A trio of scolding, moralizing ads felt jarring amidst a succession of goofy celebrity spots

What makes a good Super Bowl ad? Usually, it’s humor — like Michael Cera selling CeraVe lotion or that famous Old Spice “I’m on a horse” commercial. Occasionally, wholesome ads, like the Budweiser Clydesdales, can land, but they have to be kept to a minimum or else they feel hackneyed.

Ads that feel sanctimonious or moralizing, by contrast, tend to flop. Our consumer base, especially young people who spend their lives online, is so inundated in ads, scams and attempts to manipulate them, that they’re very hostile to openly didactic messaging — which, on Sunday night, included the Robert Kraft-funded anti-antisemitism spot, the #HeGetsUs Jesus ads funded by Hobby Lobby founder David Green and the ad the Israeli government ran about the plight of hostages still in Gaza.

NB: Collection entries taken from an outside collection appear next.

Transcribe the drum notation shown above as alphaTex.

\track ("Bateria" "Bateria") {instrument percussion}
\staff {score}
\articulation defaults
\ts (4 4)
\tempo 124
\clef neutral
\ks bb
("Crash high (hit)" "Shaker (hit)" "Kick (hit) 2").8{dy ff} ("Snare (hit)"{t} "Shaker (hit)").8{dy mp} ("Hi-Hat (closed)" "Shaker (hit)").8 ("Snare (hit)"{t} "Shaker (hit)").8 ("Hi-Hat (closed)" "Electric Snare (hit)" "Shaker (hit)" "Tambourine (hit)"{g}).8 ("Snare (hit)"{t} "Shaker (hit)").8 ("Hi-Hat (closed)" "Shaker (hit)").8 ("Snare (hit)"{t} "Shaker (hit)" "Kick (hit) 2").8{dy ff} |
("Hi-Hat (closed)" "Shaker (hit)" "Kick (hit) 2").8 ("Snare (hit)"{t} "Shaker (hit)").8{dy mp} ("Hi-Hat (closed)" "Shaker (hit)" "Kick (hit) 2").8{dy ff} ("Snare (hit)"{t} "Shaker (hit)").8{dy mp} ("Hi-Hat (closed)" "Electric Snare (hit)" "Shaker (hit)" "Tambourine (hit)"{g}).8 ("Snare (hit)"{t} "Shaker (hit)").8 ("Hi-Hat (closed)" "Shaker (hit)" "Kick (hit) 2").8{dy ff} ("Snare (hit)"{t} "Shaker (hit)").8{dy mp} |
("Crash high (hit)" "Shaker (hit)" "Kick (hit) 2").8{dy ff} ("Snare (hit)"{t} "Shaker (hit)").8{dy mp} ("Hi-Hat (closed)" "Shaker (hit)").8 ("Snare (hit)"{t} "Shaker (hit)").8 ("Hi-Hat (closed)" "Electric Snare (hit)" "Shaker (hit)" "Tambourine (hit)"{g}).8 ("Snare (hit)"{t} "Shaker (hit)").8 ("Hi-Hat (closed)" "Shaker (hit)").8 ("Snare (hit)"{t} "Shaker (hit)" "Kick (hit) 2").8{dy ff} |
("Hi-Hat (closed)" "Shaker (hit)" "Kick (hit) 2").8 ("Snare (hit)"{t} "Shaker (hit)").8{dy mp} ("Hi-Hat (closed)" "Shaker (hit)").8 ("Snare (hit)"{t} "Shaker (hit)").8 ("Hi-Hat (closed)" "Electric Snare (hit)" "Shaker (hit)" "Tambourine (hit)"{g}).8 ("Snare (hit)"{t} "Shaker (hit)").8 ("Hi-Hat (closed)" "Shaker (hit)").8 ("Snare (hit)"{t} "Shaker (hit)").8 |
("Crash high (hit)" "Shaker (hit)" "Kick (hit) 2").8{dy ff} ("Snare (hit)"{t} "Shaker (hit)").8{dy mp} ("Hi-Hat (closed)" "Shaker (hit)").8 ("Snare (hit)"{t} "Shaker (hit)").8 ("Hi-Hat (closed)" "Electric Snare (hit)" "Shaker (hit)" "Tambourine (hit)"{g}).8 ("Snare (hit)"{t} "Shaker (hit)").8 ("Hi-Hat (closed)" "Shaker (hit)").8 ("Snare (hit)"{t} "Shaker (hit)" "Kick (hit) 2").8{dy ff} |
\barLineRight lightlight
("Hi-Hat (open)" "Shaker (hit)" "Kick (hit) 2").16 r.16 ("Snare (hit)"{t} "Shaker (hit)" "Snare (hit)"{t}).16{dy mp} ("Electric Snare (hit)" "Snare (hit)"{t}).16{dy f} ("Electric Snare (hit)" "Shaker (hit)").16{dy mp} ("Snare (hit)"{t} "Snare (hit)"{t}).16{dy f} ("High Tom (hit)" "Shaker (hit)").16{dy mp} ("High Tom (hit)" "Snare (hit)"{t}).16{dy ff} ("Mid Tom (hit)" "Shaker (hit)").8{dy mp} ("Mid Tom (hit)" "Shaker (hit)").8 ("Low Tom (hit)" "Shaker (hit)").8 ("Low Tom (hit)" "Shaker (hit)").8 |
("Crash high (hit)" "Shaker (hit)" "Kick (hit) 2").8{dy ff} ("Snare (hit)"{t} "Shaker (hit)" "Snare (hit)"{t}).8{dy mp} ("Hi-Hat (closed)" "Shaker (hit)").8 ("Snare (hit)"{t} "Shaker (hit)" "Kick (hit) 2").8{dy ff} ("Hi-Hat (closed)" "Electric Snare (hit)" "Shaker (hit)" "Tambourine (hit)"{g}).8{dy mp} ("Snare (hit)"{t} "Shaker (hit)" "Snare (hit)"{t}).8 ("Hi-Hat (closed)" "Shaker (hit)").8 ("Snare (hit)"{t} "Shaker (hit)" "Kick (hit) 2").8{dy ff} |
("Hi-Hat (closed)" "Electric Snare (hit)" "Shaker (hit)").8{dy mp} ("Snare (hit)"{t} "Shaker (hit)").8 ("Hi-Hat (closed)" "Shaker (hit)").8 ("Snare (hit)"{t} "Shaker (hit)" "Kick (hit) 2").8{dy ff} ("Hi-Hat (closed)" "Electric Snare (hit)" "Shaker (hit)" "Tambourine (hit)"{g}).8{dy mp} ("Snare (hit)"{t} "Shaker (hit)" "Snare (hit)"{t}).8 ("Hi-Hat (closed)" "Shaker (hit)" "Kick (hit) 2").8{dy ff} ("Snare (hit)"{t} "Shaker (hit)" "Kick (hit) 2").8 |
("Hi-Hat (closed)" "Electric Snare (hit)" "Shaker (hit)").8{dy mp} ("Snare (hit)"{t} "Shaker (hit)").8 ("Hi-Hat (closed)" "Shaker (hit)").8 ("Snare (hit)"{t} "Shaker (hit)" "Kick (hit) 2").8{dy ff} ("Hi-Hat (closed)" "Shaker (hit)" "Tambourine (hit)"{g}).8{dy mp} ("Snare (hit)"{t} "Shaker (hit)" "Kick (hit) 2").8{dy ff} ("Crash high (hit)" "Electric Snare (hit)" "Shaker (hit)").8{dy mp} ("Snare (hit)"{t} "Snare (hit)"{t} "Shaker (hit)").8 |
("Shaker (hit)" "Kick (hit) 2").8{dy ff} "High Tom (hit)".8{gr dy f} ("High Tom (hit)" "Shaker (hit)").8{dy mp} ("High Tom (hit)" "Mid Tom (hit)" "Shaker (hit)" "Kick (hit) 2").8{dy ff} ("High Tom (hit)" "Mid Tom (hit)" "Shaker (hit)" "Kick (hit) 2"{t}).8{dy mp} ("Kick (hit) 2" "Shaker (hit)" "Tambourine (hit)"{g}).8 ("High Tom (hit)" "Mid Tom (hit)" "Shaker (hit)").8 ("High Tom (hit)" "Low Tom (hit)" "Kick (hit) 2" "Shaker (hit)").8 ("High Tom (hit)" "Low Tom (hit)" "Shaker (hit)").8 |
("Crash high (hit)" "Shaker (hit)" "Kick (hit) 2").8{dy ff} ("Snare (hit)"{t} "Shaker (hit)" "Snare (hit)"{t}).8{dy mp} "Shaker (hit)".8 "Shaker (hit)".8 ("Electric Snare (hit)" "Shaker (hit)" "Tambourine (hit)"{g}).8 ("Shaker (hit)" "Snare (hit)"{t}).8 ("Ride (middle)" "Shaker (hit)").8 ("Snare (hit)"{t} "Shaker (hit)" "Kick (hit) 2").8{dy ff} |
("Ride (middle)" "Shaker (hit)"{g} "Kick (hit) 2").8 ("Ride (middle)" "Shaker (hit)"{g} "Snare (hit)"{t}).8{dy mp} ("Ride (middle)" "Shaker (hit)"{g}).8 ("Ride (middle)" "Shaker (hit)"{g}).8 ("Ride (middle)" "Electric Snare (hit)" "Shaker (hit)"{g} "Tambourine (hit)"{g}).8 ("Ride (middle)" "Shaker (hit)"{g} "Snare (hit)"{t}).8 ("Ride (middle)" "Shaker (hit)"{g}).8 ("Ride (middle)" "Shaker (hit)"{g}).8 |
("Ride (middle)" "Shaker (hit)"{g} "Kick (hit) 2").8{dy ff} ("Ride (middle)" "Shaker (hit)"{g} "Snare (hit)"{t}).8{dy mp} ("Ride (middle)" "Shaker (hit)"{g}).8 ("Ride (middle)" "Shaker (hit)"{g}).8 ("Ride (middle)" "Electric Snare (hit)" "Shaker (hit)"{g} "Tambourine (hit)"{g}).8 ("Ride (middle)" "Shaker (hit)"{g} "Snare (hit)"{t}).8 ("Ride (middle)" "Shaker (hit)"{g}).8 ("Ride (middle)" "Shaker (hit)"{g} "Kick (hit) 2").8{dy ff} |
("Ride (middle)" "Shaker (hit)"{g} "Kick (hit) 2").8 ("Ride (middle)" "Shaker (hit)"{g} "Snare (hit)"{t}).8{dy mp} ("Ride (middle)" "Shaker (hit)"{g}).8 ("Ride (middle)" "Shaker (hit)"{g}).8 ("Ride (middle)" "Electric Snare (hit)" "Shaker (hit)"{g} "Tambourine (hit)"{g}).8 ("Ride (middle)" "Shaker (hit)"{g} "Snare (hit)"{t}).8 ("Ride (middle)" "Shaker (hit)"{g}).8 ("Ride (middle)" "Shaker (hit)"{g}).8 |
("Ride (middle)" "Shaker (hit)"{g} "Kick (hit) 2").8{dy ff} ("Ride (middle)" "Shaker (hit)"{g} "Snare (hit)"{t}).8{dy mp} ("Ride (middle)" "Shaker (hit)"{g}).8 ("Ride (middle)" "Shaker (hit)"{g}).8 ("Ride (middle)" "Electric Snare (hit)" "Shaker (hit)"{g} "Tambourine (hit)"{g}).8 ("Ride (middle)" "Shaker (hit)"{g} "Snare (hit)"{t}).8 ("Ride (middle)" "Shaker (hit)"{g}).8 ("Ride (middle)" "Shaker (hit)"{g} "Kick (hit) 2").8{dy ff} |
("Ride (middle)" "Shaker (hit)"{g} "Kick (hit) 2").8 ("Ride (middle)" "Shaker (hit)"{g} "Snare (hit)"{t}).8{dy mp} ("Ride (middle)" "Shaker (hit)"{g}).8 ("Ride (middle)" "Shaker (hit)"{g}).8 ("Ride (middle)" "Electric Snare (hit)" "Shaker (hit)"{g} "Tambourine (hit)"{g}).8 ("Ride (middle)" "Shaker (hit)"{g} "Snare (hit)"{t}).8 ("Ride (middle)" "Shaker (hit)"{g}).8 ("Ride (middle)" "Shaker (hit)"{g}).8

There is a tradition of wholesome Super Bowl ads, often hearkening back to the heyday of American power. Still, those tend toward being heartwarming, about charities helping sick kids or the love of family or — a perennial favorite and effective tearjerker — puppies. Yet this year’s earnest ads not only felt jarring, but also scolding. Don’t forget the hostages. Don’t hate Jews. Don’t misportray Jesus. 

And, well, they were just all kind of bad — for different reasons.

An unfocused anti-hate ad against antisemitism

Kraft’s antisemitism ad featured Clarence B. Jones, Martin Luther King Jr.’s speechwriter, talking about speaking up in the face of hate, paired with images of people washing away Islamophobic graffiti and wearing shirts that said “Say Their Names.” It’s an attempt to tie antisemitism into the larger cause of fighting racism and discrimination.

But the ad was vague. What names were the shirts referring to — 2020’s Black Lives Matter marches, or was it about the hostages? And though many kinds of hate were shown, including the Ku Klux Klan and Islamophobia, it focused on the hashtag #StandUpToJewishHate, only briefly asking viewers to also “stand up to all hate.”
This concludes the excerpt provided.